- Records drawn from a dataset -
=== Begin Enclosure ===
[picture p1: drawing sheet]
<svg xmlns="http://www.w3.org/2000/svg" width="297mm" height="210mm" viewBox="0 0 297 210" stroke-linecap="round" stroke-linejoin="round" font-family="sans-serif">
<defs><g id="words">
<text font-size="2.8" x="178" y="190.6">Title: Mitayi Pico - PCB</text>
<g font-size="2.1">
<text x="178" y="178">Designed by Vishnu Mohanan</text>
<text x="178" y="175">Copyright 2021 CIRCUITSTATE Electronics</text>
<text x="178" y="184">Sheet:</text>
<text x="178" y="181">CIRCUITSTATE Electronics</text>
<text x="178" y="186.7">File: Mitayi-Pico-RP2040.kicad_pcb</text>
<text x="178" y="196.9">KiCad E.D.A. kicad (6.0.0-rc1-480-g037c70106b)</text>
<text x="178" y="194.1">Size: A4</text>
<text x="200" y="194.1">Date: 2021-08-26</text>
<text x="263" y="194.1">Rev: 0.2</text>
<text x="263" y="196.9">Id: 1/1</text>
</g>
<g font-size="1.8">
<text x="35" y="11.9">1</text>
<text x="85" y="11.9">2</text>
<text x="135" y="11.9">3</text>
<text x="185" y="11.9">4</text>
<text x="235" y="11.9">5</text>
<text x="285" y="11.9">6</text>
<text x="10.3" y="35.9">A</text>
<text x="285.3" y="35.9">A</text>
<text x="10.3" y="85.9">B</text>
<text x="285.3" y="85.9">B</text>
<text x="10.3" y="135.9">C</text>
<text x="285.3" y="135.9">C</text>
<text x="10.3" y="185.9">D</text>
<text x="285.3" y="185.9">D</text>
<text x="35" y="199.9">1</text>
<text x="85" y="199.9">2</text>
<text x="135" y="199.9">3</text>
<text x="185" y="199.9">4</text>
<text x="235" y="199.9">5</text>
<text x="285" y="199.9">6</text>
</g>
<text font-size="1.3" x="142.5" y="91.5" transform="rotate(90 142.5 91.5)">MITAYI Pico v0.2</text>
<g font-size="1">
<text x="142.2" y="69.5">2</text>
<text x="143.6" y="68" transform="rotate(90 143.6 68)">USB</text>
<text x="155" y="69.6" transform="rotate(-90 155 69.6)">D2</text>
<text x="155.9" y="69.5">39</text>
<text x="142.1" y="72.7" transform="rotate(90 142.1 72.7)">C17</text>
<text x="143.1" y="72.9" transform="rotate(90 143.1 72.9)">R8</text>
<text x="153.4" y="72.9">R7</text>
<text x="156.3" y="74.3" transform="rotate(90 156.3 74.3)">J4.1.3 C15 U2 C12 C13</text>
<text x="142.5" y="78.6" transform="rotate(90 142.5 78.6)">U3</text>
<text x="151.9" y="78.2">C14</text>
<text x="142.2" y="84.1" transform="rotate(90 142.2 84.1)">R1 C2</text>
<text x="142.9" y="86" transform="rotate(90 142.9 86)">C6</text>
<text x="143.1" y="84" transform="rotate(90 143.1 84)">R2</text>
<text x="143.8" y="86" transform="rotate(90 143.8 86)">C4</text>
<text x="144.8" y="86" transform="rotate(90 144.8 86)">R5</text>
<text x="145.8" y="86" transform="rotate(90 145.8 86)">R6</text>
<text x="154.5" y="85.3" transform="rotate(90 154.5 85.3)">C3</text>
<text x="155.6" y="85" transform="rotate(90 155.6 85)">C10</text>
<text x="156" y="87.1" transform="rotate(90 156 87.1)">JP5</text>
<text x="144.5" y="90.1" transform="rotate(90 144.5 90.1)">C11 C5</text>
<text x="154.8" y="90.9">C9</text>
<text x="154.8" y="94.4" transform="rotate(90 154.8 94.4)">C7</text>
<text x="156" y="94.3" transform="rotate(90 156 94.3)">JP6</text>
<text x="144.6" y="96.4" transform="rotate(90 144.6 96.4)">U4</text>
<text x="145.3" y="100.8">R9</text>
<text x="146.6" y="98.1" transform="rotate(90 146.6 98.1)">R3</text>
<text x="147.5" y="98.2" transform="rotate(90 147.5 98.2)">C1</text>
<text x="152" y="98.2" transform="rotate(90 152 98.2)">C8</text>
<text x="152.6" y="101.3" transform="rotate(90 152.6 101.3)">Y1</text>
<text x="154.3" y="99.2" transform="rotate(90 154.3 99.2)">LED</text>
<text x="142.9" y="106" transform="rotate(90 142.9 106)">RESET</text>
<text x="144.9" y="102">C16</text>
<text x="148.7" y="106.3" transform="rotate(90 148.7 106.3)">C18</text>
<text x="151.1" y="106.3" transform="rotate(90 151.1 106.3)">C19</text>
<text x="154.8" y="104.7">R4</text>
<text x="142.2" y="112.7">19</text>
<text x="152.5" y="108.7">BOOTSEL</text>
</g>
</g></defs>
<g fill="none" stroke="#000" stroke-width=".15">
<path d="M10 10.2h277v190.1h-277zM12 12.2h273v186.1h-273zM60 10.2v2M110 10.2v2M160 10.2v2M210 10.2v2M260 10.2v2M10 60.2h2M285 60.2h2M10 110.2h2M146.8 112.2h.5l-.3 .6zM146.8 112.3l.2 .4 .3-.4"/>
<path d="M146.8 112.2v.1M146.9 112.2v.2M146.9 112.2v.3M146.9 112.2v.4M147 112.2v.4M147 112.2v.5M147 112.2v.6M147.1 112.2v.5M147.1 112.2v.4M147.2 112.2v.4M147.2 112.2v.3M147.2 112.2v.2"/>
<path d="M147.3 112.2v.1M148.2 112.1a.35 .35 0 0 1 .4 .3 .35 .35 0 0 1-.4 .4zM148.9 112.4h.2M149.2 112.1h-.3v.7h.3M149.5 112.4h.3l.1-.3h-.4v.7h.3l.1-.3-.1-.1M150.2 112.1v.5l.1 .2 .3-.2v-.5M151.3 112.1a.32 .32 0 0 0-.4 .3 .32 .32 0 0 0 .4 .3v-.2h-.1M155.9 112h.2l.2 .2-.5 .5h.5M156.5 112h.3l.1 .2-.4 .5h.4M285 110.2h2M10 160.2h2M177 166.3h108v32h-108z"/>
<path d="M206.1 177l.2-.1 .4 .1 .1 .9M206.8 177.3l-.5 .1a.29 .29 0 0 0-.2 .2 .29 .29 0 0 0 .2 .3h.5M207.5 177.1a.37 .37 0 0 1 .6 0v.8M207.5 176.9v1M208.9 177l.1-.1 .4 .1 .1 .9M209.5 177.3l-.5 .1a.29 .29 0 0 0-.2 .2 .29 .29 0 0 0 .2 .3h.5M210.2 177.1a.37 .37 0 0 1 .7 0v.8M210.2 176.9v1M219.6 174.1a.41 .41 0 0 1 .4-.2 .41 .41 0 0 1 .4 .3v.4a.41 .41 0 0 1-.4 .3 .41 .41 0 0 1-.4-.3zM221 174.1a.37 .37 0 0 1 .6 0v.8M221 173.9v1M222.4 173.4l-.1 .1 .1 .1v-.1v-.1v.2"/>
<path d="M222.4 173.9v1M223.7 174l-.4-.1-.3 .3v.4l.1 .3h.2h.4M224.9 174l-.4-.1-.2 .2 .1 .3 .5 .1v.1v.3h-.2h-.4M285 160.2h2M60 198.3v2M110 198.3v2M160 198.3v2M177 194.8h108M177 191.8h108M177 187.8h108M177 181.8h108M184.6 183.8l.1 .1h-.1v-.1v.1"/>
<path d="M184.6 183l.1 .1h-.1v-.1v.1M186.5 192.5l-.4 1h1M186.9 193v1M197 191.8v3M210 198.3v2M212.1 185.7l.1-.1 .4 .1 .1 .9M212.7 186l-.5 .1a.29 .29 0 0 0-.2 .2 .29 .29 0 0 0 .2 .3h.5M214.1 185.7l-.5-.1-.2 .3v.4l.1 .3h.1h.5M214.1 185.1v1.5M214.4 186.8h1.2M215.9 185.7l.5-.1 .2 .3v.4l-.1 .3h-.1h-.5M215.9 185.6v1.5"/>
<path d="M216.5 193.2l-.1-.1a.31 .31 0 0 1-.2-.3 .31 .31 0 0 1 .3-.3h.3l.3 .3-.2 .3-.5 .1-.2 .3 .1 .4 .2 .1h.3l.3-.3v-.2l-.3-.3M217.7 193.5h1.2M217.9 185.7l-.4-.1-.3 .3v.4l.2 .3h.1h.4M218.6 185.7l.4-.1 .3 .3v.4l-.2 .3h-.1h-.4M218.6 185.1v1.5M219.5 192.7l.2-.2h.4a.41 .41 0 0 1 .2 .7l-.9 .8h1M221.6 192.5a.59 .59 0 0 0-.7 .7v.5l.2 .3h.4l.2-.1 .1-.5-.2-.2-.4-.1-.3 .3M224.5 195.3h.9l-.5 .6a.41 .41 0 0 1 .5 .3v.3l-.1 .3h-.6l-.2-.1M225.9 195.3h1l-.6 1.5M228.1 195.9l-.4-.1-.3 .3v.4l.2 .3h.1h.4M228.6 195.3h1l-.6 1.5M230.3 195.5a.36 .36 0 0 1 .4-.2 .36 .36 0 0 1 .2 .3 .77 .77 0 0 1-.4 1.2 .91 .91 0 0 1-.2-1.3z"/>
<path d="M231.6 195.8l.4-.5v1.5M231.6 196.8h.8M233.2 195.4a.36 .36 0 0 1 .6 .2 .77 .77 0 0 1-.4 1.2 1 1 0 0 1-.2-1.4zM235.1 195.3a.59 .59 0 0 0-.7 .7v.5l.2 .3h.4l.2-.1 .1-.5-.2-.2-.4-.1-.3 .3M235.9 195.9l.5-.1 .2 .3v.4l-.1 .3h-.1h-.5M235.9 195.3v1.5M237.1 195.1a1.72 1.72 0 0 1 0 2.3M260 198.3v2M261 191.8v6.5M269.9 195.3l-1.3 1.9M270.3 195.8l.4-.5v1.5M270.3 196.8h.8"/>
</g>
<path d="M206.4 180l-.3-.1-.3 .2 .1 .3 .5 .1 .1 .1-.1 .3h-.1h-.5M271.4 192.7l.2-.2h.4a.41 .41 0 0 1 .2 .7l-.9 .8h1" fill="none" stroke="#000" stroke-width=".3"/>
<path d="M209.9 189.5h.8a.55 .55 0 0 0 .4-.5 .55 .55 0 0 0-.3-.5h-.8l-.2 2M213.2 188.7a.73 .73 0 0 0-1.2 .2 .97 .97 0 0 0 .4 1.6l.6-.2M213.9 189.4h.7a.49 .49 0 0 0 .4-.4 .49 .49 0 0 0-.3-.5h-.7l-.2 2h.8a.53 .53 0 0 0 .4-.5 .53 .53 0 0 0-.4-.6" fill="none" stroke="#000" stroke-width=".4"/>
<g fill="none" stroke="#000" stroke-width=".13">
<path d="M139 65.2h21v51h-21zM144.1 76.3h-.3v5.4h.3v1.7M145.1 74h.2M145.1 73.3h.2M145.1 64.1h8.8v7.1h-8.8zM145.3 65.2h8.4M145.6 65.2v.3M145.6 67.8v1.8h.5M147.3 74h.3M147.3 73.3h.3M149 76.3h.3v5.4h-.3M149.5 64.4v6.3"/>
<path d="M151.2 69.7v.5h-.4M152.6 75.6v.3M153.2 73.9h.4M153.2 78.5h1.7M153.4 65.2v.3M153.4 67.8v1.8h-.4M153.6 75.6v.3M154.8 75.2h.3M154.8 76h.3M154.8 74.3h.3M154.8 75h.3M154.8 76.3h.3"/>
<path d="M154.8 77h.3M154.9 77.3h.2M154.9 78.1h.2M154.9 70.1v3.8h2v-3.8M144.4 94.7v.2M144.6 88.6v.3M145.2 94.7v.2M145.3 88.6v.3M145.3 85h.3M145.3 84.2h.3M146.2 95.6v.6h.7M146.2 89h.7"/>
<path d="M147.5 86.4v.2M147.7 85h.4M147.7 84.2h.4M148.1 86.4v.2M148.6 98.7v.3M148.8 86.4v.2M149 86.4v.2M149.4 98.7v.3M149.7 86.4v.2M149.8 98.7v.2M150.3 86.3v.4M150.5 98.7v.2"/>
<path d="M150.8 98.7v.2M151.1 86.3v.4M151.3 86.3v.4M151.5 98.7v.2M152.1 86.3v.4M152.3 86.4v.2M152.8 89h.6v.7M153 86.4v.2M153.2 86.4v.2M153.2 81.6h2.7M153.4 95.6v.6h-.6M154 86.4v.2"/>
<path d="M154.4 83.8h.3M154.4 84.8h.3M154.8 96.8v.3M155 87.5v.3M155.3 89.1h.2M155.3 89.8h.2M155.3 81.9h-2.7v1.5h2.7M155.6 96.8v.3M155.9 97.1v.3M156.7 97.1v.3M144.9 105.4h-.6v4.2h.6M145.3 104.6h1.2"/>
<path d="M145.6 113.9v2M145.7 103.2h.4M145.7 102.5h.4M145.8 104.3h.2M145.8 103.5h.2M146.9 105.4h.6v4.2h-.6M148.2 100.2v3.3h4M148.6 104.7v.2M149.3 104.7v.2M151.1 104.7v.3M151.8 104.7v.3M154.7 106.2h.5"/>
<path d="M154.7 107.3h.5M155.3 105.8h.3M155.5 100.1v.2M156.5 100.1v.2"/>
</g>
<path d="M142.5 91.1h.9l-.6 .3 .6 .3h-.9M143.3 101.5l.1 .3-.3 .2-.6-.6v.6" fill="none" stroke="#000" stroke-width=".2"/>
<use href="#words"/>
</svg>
=== End Enclosure ===
- Exercise directions -
Search the data above for "CIRCUITSTATE" and copy every line where it turns up.

- Answer to this task -
<text x="178" y="175">Copyright 2021 CIRCUITSTATE Electronics</text>
<text x="178" y="181">CIRCUITSTATE Electronics</text>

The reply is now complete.